GSoC 2025: Improving Core Clang-Doc Functionality

I was selected as a contributor for GSoC 2025 under the project “Improving Core Clang-Doc Functionality” for LLVM. My mentors for the project were Paul Kirth and Petr Hosek.

Clang-Doc is a tool in clang-tools-extra that generates documentation from Clang’s AST and can output Markdown, HTML, YAML, and JSON. The project started in 2018 but major development eventually slowed. Recently, there have been efforts to get it back on track.

This year, the GSoC project idea had a simple premise: improve core functionality.

The Project

The project idea proposed three main areas of focus to improve documentation quality.

C++ support
Doxygen comments
Markdown support

First, not all C++ constructs were supported, like friends or concepts. Not supporting core C++ constructs in C++ documentation is not good. Second, it’s important that Doxygen command support is robust and that we can support as many as possible. Lastly, having Markdown available to developers for documentation would be useful. Markdown provides the power of expression in an area that is technically dense. It can be used to highlight critical information and warnings.

The Architecture

Here’s a quick overview on Clang-Doc’s architecture, which follows a map-reduce pattern:

Visit source declarations via Clang’s ASTVisitor.
Serialize relevant source information into an Info (Clang-Doc’s main data entity).
Write Infos into bitcode, reduce, and reread.
Serialize Infos into the desired format with a target backend.

The architecture seems straightforward at a glance, but Clang-Doc has critical flaws at step 4.

The Bad

Clang-Doc has support for many formats. That sounds great in principal, but the backend pipeline’s execution made development extremely cumbersome.

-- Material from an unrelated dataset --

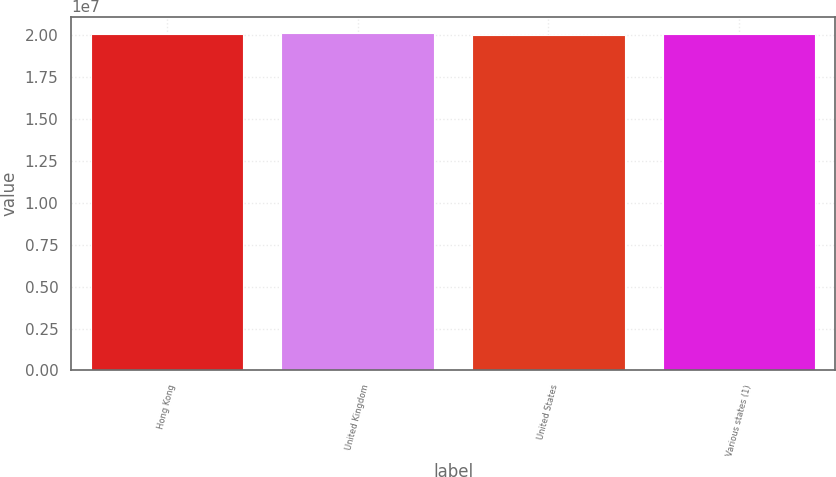<chart> <loc_0><loc_0><loc_500><loc_500><bar_chart><fcel>Hong Kong<fcel>United Kingdom<fcel>United States<fcel>Various states (1)<nl><fcel>2.0082e+07<fcel>2.0122e+07<fcel>2.0042e+07<fcel>2.0072e+07<nl></chart> 
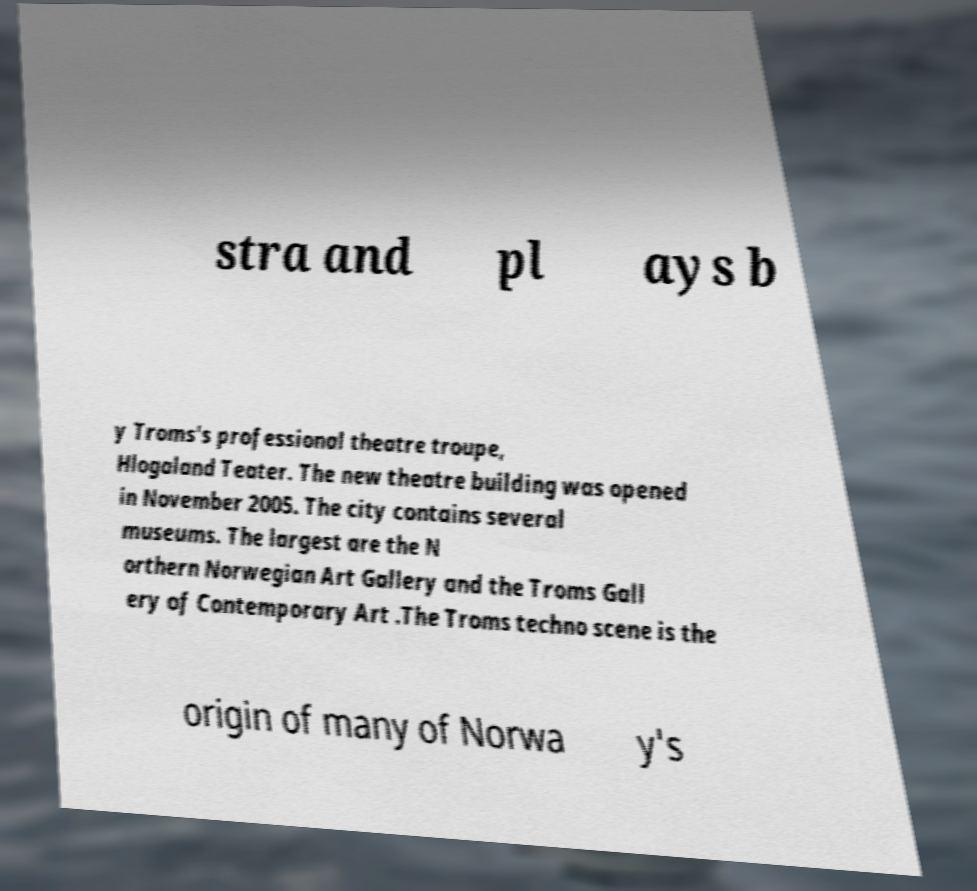Please identify and transcribe the text found in this image. stra and pl ays b y Troms's professional theatre troupe, Hlogaland Teater. The new theatre building was opened in November 2005. The city contains several museums. The largest are the N orthern Norwegian Art Gallery and the Troms Gall ery of Contemporary Art .The Troms techno scene is the origin of many of Norwa y's

Unlike in LLVM, Clang-Doc doesn’t have a framework like CodeGen that shares functionality across different targets. To document a class, every backend needs to independently implement logic to serialize the class into its target format. Each backend also has separate logic to write all of the documented entities to disk. There is also no IR where Infos can be preprocessed, which means that any organizational preprocessing done in a backend can’t be shared.

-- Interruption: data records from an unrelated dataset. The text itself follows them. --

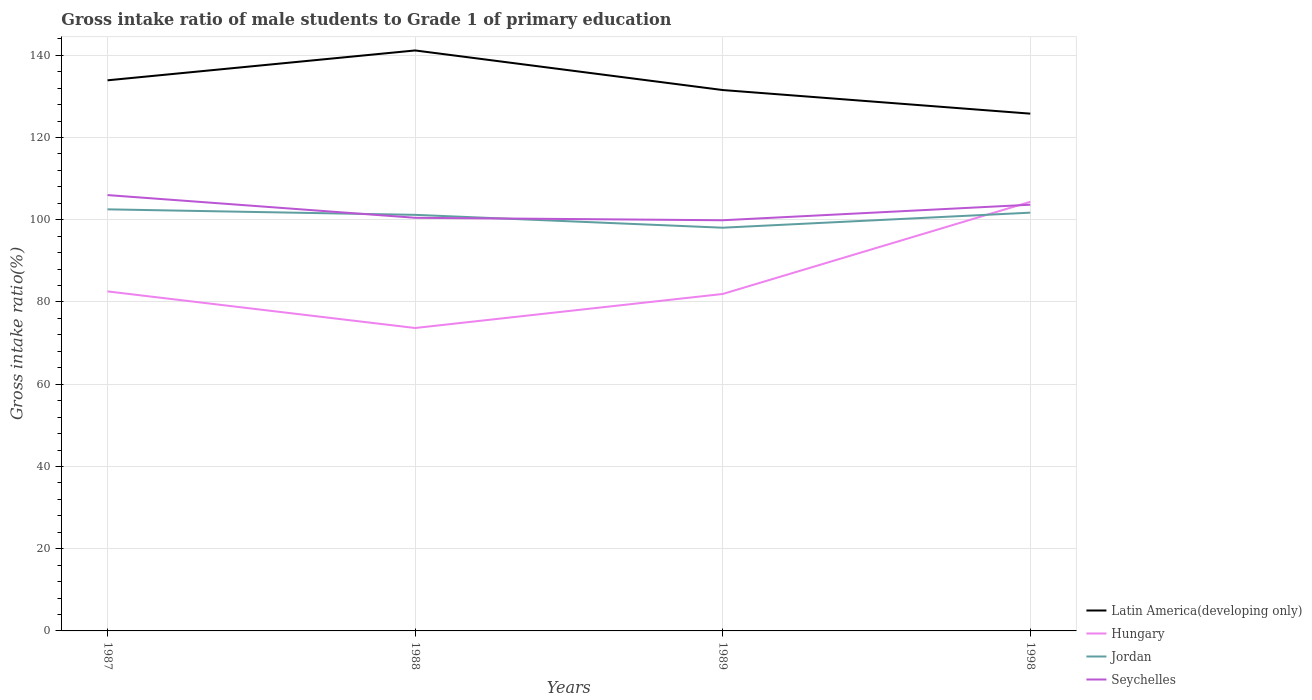How many different coloured lines are there?
Offer a terse response. 4. Does the line corresponding to Seychelles intersect with the line corresponding to Hungary?
Give a very brief answer. Yes. Across all years, what is the maximum gross intake ratio in Seychelles?
Your answer should be very brief. 99.88. In which year was the gross intake ratio in Seychelles maximum?
Your answer should be very brief. 1989. What is the total gross intake ratio in Jordan in the graph?
Offer a terse response. 4.46. What is the difference between the highest and the second highest gross intake ratio in Jordan?
Make the answer very short. 4.46. Is the gross intake ratio in Hungary strictly greater than the gross intake ratio in Jordan over the years?
Ensure brevity in your answer.  No. How many lines are there?
Keep it short and to the point. 4. Are the values on the major ticks of Y-axis written in scientific E-notation?
Give a very brief answer. No. Does the graph contain grids?
Your response must be concise. Yes. Where does the legend appear in the graph?
Give a very brief answer. Bottom right. How many legend labels are there?
Your answer should be compact. 4. How are the legend labels stacked?
Offer a terse response. Vertical. What is the title of the graph?
Offer a very short reply. Gross intake ratio of male students to Grade 1 of primary education. Does "Honduras" appear as one of the legend labels in the graph?
Make the answer very short. No. What is the label or title of the X-axis?
Provide a short and direct response. Years. What is the label or title of the Y-axis?
Ensure brevity in your answer.  Gross intake ratio(%). What is the Gross intake ratio(%) of Latin America(developing only) in 1987?
Your response must be concise. 133.92. What is the Gross intake ratio(%) in Hungary in 1987?
Provide a short and direct response. 82.57. What is the Gross intake ratio(%) of Jordan in 1987?
Ensure brevity in your answer.  102.53. What is the Gross intake ratio(%) in Seychelles in 1987?
Ensure brevity in your answer.  106. What is the Gross intake ratio(%) in Latin America(developing only) in 1988?
Provide a succinct answer. 141.18. What is the Gross intake ratio(%) of Hungary in 1988?
Give a very brief answer. 73.68. What is the Gross intake ratio(%) in Jordan in 1988?
Offer a terse response. 101.2. What is the Gross intake ratio(%) in Seychelles in 1988?
Ensure brevity in your answer.  100.48. What is the Gross intake ratio(%) in Latin America(developing only) in 1989?
Ensure brevity in your answer.  131.55. What is the Gross intake ratio(%) in Hungary in 1989?
Offer a very short reply. 81.95. What is the Gross intake ratio(%) in Jordan in 1989?
Provide a succinct answer. 98.07. What is the Gross intake ratio(%) in Seychelles in 1989?
Ensure brevity in your answer.  99.88. What is the Gross intake ratio(%) of Latin America(developing only) in 1998?
Provide a short and direct response. 125.81. What is the Gross intake ratio(%) in Hungary in 1998?
Keep it short and to the point. 104.37. What is the Gross intake ratio(%) of Jordan in 1998?
Your response must be concise. 101.73. What is the Gross intake ratio(%) in Seychelles in 1998?
Give a very brief answer. 103.66. Across all years, what is the maximum Gross intake ratio(%) in Latin America(developing only)?
Offer a very short reply. 141.18. Across all years, what is the maximum Gross intake ratio(%) in Hungary?
Your response must be concise. 104.37. Across all years, what is the maximum Gross intake ratio(%) of Jordan?
Your answer should be compact. 102.53. Across all years, what is the maximum Gross intake ratio(%) in Seychelles?
Provide a succinct answer. 106. Across all years, what is the minimum Gross intake ratio(%) in Latin America(developing only)?
Provide a succinct answer. 125.81. Across all years, what is the minimum Gross intake ratio(%) of Hungary?
Offer a very short reply. 73.68. Across all years, what is the minimum Gross intake ratio(%) in Jordan?
Offer a very short reply. 98.07. Across all years, what is the minimum Gross intake ratio(%) in Seychelles?
Your response must be concise. 99.88. What is the total Gross intake ratio(%) in Latin America(developing only) in the graph?
Make the answer very short. 532.46. What is the total Gross intake ratio(%) of Hungary in the graph?
Your response must be concise. 342.57. What is the total Gross intake ratio(%) in Jordan in the graph?
Your answer should be very brief. 403.53. What is the total Gross intake ratio(%) of Seychelles in the graph?
Offer a very short reply. 410.03. What is the difference between the Gross intake ratio(%) in Latin America(developing only) in 1987 and that in 1988?
Your response must be concise. -7.26. What is the difference between the Gross intake ratio(%) of Hungary in 1987 and that in 1988?
Provide a short and direct response. 8.9. What is the difference between the Gross intake ratio(%) of Jordan in 1987 and that in 1988?
Provide a succinct answer. 1.34. What is the difference between the Gross intake ratio(%) in Seychelles in 1987 and that in 1988?
Provide a succinct answer. 5.52. What is the difference between the Gross intake ratio(%) of Latin America(developing only) in 1987 and that in 1989?
Offer a very short reply. 2.37. What is the difference between the Gross intake ratio(%) of Hungary in 1987 and that in 1989?
Provide a succinct answer. 0.62. What is the difference between the Gross intake ratio(%) of Jordan in 1987 and that in 1989?
Your answer should be compact. 4.46. What is the difference between the Gross intake ratio(%) of Seychelles in 1987 and that in 1989?
Your answer should be very brief. 6.12. What is the difference between the Gross intake ratio(%) of Latin America(developing only) in 1987 and that in 1998?
Ensure brevity in your answer.  8.11. What is the difference between the Gross intake ratio(%) of Hungary in 1987 and that in 1998?
Keep it short and to the point. -21.8. What is the difference between the Gross intake ratio(%) of Jordan in 1987 and that in 1998?
Give a very brief answer. 0.8. What is the difference between the Gross intake ratio(%) of Seychelles in 1987 and that in 1998?
Make the answer very short. 2.34. What is the difference between the Gross intake ratio(%) in Latin America(developing only) in 1988 and that in 1989?
Your response must be concise. 9.63. What is the difference between the Gross intake ratio(%) in Hungary in 1988 and that in 1989?
Offer a terse response. -8.27. What is the difference between the Gross intake ratio(%) in Jordan in 1988 and that in 1989?
Offer a terse response. 3.13. What is the difference between the Gross intake ratio(%) in Seychelles in 1988 and that in 1989?
Give a very brief answer. 0.6. What is the difference between the Gross intake ratio(%) of Latin America(developing only) in 1988 and that in 1998?
Provide a short and direct response. 15.37. What is the difference between the Gross intake ratio(%) in Hungary in 1988 and that in 1998?
Your response must be concise. -30.69. What is the difference between the Gross intake ratio(%) of Jordan in 1988 and that in 1998?
Provide a succinct answer. -0.53. What is the difference between the Gross intake ratio(%) of Seychelles in 1988 and that in 1998?
Offer a terse response. -3.18. What is the difference between the Gross intake ratio(%) in Latin America(developing only) in 1989 and that in 1998?
Give a very brief answer. 5.74. What is the difference between the Gross intake ratio(%) of Hungary in 1989 and that in 1998?
Your answer should be very brief. -22.42. What is the difference between the Gross intake ratio(%) in Jordan in 1989 and that in 1998?
Offer a terse response. -3.66. What is the difference between the Gross intake ratio(%) in Seychelles in 1989 and that in 1998?
Your answer should be compact. -3.78. What is the difference between the Gross intake ratio(%) of Latin America(developing only) in 1987 and the Gross intake ratio(%) of Hungary in 1988?
Your answer should be very brief. 60.24. What is the difference between the Gross intake ratio(%) in Latin America(developing only) in 1987 and the Gross intake ratio(%) in Jordan in 1988?
Make the answer very short. 32.72. What is the difference between the Gross intake ratio(%) of Latin America(developing only) in 1987 and the Gross intake ratio(%) of Seychelles in 1988?
Your answer should be very brief. 33.44. What is the difference between the Gross intake ratio(%) of Hungary in 1987 and the Gross intake ratio(%) of Jordan in 1988?
Give a very brief answer. -18.62. What is the difference between the Gross intake ratio(%) in Hungary in 1987 and the Gross intake ratio(%) in Seychelles in 1988?
Ensure brevity in your answer.  -17.91. What is the difference between the Gross intake ratio(%) in Jordan in 1987 and the Gross intake ratio(%) in Seychelles in 1988?
Offer a very short reply. 2.05. What is the difference between the Gross intake ratio(%) in Latin America(developing only) in 1987 and the Gross intake ratio(%) in Hungary in 1989?
Make the answer very short. 51.97. What is the difference between the Gross intake ratio(%) of Latin America(developing only) in 1987 and the Gross intake ratio(%) of Jordan in 1989?
Provide a short and direct response. 35.85. What is the difference between the Gross intake ratio(%) in Latin America(developing only) in 1987 and the Gross intake ratio(%) in Seychelles in 1989?
Provide a succinct answer. 34.03. What is the difference between the Gross intake ratio(%) in Hungary in 1987 and the Gross intake ratio(%) in Jordan in 1989?
Your response must be concise. -15.5. What is the difference between the Gross intake ratio(%) of Hungary in 1987 and the Gross intake ratio(%) of Seychelles in 1989?
Offer a very short reply. -17.31. What is the difference between the Gross intake ratio(%) of Jordan in 1987 and the Gross intake ratio(%) of Seychelles in 1989?
Give a very brief answer. 2.65. What is the difference between the Gross intake ratio(%) in Latin America(developing only) in 1987 and the Gross intake ratio(%) in Hungary in 1998?
Offer a terse response. 29.55. What is the difference between the Gross intake ratio(%) in Latin America(developing only) in 1987 and the Gross intake ratio(%) in Jordan in 1998?
Provide a short and direct response. 32.19. What is the difference between the Gross intake ratio(%) of Latin America(developing only) in 1987 and the Gross intake ratio(%) of Seychelles in 1998?
Offer a very short reply. 30.26. What is the difference between the Gross intake ratio(%) of Hungary in 1987 and the Gross intake ratio(%) of Jordan in 1998?
Provide a short and direct response. -19.16. What is the difference between the Gross intake ratio(%) in Hungary in 1987 and the Gross intake ratio(%) in Seychelles in 1998?
Make the answer very short. -21.09. What is the difference between the Gross intake ratio(%) of Jordan in 1987 and the Gross intake ratio(%) of Seychelles in 1998?
Give a very brief answer. -1.13. What is the difference between the Gross intake ratio(%) in Latin America(developing only) in 1988 and the Gross intake ratio(%) in Hungary in 1989?
Offer a terse response. 59.23. What is the difference between the Gross intake ratio(%) of Latin America(developing only) in 1988 and the Gross intake ratio(%) of Jordan in 1989?
Keep it short and to the point. 43.11. What is the difference between the Gross intake ratio(%) in Latin America(developing only) in 1988 and the Gross intake ratio(%) in Seychelles in 1989?
Your response must be concise. 41.3. What is the difference between the Gross intake ratio(%) in Hungary in 1988 and the Gross intake ratio(%) in Jordan in 1989?
Offer a very short reply. -24.39. What is the difference between the Gross intake ratio(%) of Hungary in 1988 and the Gross intake ratio(%) of Seychelles in 1989?
Your answer should be very brief. -26.21. What is the difference between the Gross intake ratio(%) in Jordan in 1988 and the Gross intake ratio(%) in Seychelles in 1989?
Your answer should be very brief. 1.31. What is the difference between the Gross intake ratio(%) in Latin America(developing only) in 1988 and the Gross intake ratio(%) in Hungary in 1998?
Ensure brevity in your answer.  36.81. What is the difference between the Gross intake ratio(%) in Latin America(developing only) in 1988 and the Gross intake ratio(%) in Jordan in 1998?
Make the answer very short. 39.45. What is the difference between the Gross intake ratio(%) of Latin America(developing only) in 1988 and the Gross intake ratio(%) of Seychelles in 1998?
Your answer should be very brief. 37.52. What is the difference between the Gross intake ratio(%) of Hungary in 1988 and the Gross intake ratio(%) of Jordan in 1998?
Your answer should be very brief. -28.05. What is the difference between the Gross intake ratio(%) of Hungary in 1988 and the Gross intake ratio(%) of Seychelles in 1998?
Your response must be concise. -29.99. What is the difference between the Gross intake ratio(%) of Jordan in 1988 and the Gross intake ratio(%) of Seychelles in 1998?
Your answer should be very brief. -2.46. What is the difference between the Gross intake ratio(%) in Latin America(developing only) in 1989 and the Gross intake ratio(%) in Hungary in 1998?
Provide a succinct answer. 27.18. What is the difference between the Gross intake ratio(%) in Latin America(developing only) in 1989 and the Gross intake ratio(%) in Jordan in 1998?
Provide a succinct answer. 29.82. What is the difference between the Gross intake ratio(%) of Latin America(developing only) in 1989 and the Gross intake ratio(%) of Seychelles in 1998?
Offer a terse response. 27.89. What is the difference between the Gross intake ratio(%) in Hungary in 1989 and the Gross intake ratio(%) in Jordan in 1998?
Your answer should be very brief. -19.78. What is the difference between the Gross intake ratio(%) of Hungary in 1989 and the Gross intake ratio(%) of Seychelles in 1998?
Keep it short and to the point. -21.71. What is the difference between the Gross intake ratio(%) in Jordan in 1989 and the Gross intake ratio(%) in Seychelles in 1998?
Keep it short and to the point. -5.59. What is the average Gross intake ratio(%) in Latin America(developing only) per year?
Keep it short and to the point. 133.12. What is the average Gross intake ratio(%) in Hungary per year?
Make the answer very short. 85.64. What is the average Gross intake ratio(%) in Jordan per year?
Give a very brief answer. 100.88. What is the average Gross intake ratio(%) in Seychelles per year?
Provide a succinct answer. 102.51. In the year 1987, what is the difference between the Gross intake ratio(%) of Latin America(developing only) and Gross intake ratio(%) of Hungary?
Give a very brief answer. 51.34. In the year 1987, what is the difference between the Gross intake ratio(%) of Latin America(developing only) and Gross intake ratio(%) of Jordan?
Offer a very short reply. 31.38. In the year 1987, what is the difference between the Gross intake ratio(%) in Latin America(developing only) and Gross intake ratio(%) in Seychelles?
Provide a succinct answer. 27.91. In the year 1987, what is the difference between the Gross intake ratio(%) in Hungary and Gross intake ratio(%) in Jordan?
Provide a short and direct response. -19.96. In the year 1987, what is the difference between the Gross intake ratio(%) of Hungary and Gross intake ratio(%) of Seychelles?
Provide a short and direct response. -23.43. In the year 1987, what is the difference between the Gross intake ratio(%) of Jordan and Gross intake ratio(%) of Seychelles?
Give a very brief answer. -3.47. In the year 1988, what is the difference between the Gross intake ratio(%) in Latin America(developing only) and Gross intake ratio(%) in Hungary?
Provide a succinct answer. 67.5. In the year 1988, what is the difference between the Gross intake ratio(%) in Latin America(developing only) and Gross intake ratio(%) in Jordan?
Offer a very short reply. 39.98. In the year 1988, what is the difference between the Gross intake ratio(%) of Latin America(developing only) and Gross intake ratio(%) of Seychelles?
Your answer should be compact. 40.7. In the year 1988, what is the difference between the Gross intake ratio(%) of Hungary and Gross intake ratio(%) of Jordan?
Offer a terse response. -27.52. In the year 1988, what is the difference between the Gross intake ratio(%) in Hungary and Gross intake ratio(%) in Seychelles?
Your response must be concise. -26.81. In the year 1988, what is the difference between the Gross intake ratio(%) of Jordan and Gross intake ratio(%) of Seychelles?
Keep it short and to the point. 0.72. In the year 1989, what is the difference between the Gross intake ratio(%) of Latin America(developing only) and Gross intake ratio(%) of Hungary?
Your answer should be compact. 49.6. In the year 1989, what is the difference between the Gross intake ratio(%) in Latin America(developing only) and Gross intake ratio(%) in Jordan?
Ensure brevity in your answer.  33.48. In the year 1989, what is the difference between the Gross intake ratio(%) in Latin America(developing only) and Gross intake ratio(%) in Seychelles?
Make the answer very short. 31.67. In the year 1989, what is the difference between the Gross intake ratio(%) in Hungary and Gross intake ratio(%) in Jordan?
Make the answer very short. -16.12. In the year 1989, what is the difference between the Gross intake ratio(%) in Hungary and Gross intake ratio(%) in Seychelles?
Your response must be concise. -17.93. In the year 1989, what is the difference between the Gross intake ratio(%) in Jordan and Gross intake ratio(%) in Seychelles?
Keep it short and to the point. -1.81. In the year 1998, what is the difference between the Gross intake ratio(%) of Latin America(developing only) and Gross intake ratio(%) of Hungary?
Offer a terse response. 21.44. In the year 1998, what is the difference between the Gross intake ratio(%) of Latin America(developing only) and Gross intake ratio(%) of Jordan?
Provide a short and direct response. 24.08. In the year 1998, what is the difference between the Gross intake ratio(%) in Latin America(developing only) and Gross intake ratio(%) in Seychelles?
Keep it short and to the point. 22.15. In the year 1998, what is the difference between the Gross intake ratio(%) in Hungary and Gross intake ratio(%) in Jordan?
Offer a terse response. 2.64. In the year 1998, what is the difference between the Gross intake ratio(%) in Hungary and Gross intake ratio(%) in Seychelles?
Keep it short and to the point. 0.71. In the year 1998, what is the difference between the Gross intake ratio(%) in Jordan and Gross intake ratio(%) in Seychelles?
Offer a terse response. -1.93. What is the ratio of the Gross intake ratio(%) in Latin America(developing only) in 1987 to that in 1988?
Keep it short and to the point. 0.95. What is the ratio of the Gross intake ratio(%) of Hungary in 1987 to that in 1988?
Ensure brevity in your answer.  1.12. What is the ratio of the Gross intake ratio(%) in Jordan in 1987 to that in 1988?
Provide a short and direct response. 1.01. What is the ratio of the Gross intake ratio(%) of Seychelles in 1987 to that in 1988?
Your answer should be compact. 1.05. What is the ratio of the Gross intake ratio(%) in Hungary in 1987 to that in 1989?
Provide a succinct answer. 1.01. What is the ratio of the Gross intake ratio(%) of Jordan in 1987 to that in 1989?
Offer a very short reply. 1.05. What is the ratio of the Gross intake ratio(%) in Seychelles in 1987 to that in 1989?
Keep it short and to the point. 1.06. What is the ratio of the Gross intake ratio(%) of Latin America(developing only) in 1987 to that in 1998?
Offer a very short reply. 1.06. What is the ratio of the Gross intake ratio(%) of Hungary in 1987 to that in 1998?
Offer a very short reply. 0.79. What is the ratio of the Gross intake ratio(%) in Jordan in 1987 to that in 1998?
Your response must be concise. 1.01. What is the ratio of the Gross intake ratio(%) of Seychelles in 1987 to that in 1998?
Provide a succinct answer. 1.02. What is the ratio of the Gross intake ratio(%) of Latin America(developing only) in 1988 to that in 1989?
Offer a terse response. 1.07. What is the ratio of the Gross intake ratio(%) in Hungary in 1988 to that in 1989?
Your response must be concise. 0.9. What is the ratio of the Gross intake ratio(%) in Jordan in 1988 to that in 1989?
Provide a short and direct response. 1.03. What is the ratio of the Gross intake ratio(%) of Latin America(developing only) in 1988 to that in 1998?
Keep it short and to the point. 1.12. What is the ratio of the Gross intake ratio(%) in Hungary in 1988 to that in 1998?
Your answer should be compact. 0.71. What is the ratio of the Gross intake ratio(%) of Seychelles in 1988 to that in 1998?
Provide a short and direct response. 0.97. What is the ratio of the Gross intake ratio(%) in Latin America(developing only) in 1989 to that in 1998?
Your answer should be very brief. 1.05. What is the ratio of the Gross intake ratio(%) of Hungary in 1989 to that in 1998?
Give a very brief answer. 0.79. What is the ratio of the Gross intake ratio(%) in Seychelles in 1989 to that in 1998?
Ensure brevity in your answer.  0.96. What is the difference between the highest and the second highest Gross intake ratio(%) of Latin America(developing only)?
Give a very brief answer. 7.26. What is the difference between the highest and the second highest Gross intake ratio(%) of Hungary?
Give a very brief answer. 21.8. What is the difference between the highest and the second highest Gross intake ratio(%) in Jordan?
Your answer should be very brief. 0.8. What is the difference between the highest and the second highest Gross intake ratio(%) in Seychelles?
Offer a very short reply. 2.34. What is the difference between the highest and the lowest Gross intake ratio(%) of Latin America(developing only)?
Provide a short and direct response. 15.37. What is the difference between the highest and the lowest Gross intake ratio(%) in Hungary?
Ensure brevity in your answer.  30.69. What is the difference between the highest and the lowest Gross intake ratio(%) in Jordan?
Make the answer very short. 4.46. What is the difference between the highest and the lowest Gross intake ratio(%) in Seychelles?
Give a very brief answer. 6.12.

Here’s the code for serializing the bases and virtual bases of a class in the HTML backend:

  std::vector<std::unique_ptr<HTMLNode>> Parents =
      genReferenceList(I.Parents, I.Path);
  std::vector<std::unique_ptr<HTMLNode>> VParents =
      genReferenceList(I.VirtualParents, I.Path);
  if (!Parents.empty() || !VParents.empty()) {
    Out.emplace_back(std::make_unique<TagNode>(HTMLTag::TAG_P));
    auto &PBody = Out.back();
    PBody->Children.emplace_back(std::make_unique<TextNode>("Inherits from "));
    if (Parents.empty())
      appendVector(std::move(VParents), PBody->Children);
  ...

Here’s the same logic for doing it in Markdown:

  std::string Parents = genReferenceList(I.Parents);
  std::string VParents = genReferenceList(I.VirtualParents);
  if (!Parents.empty() || !VParents.empty()) {
    if (Parents.empty())
      writeLine("Inherits from " + VParents, OS);
    else if (VParents.empty())
      writeLine("Inherits from " + Parents, OS);
    else
      writeLine("Inherits from " + Parents + ", " + VParents, OS);
    writeNewLine(OS);
  }
  ...

You can see how differently both backends need to handle these constructs, which makes it complicated to bring feature parity. The HTML tag creation being so tightly coupled to the documentation serialization also highlights a different problem of formatting problems being difficult to identify.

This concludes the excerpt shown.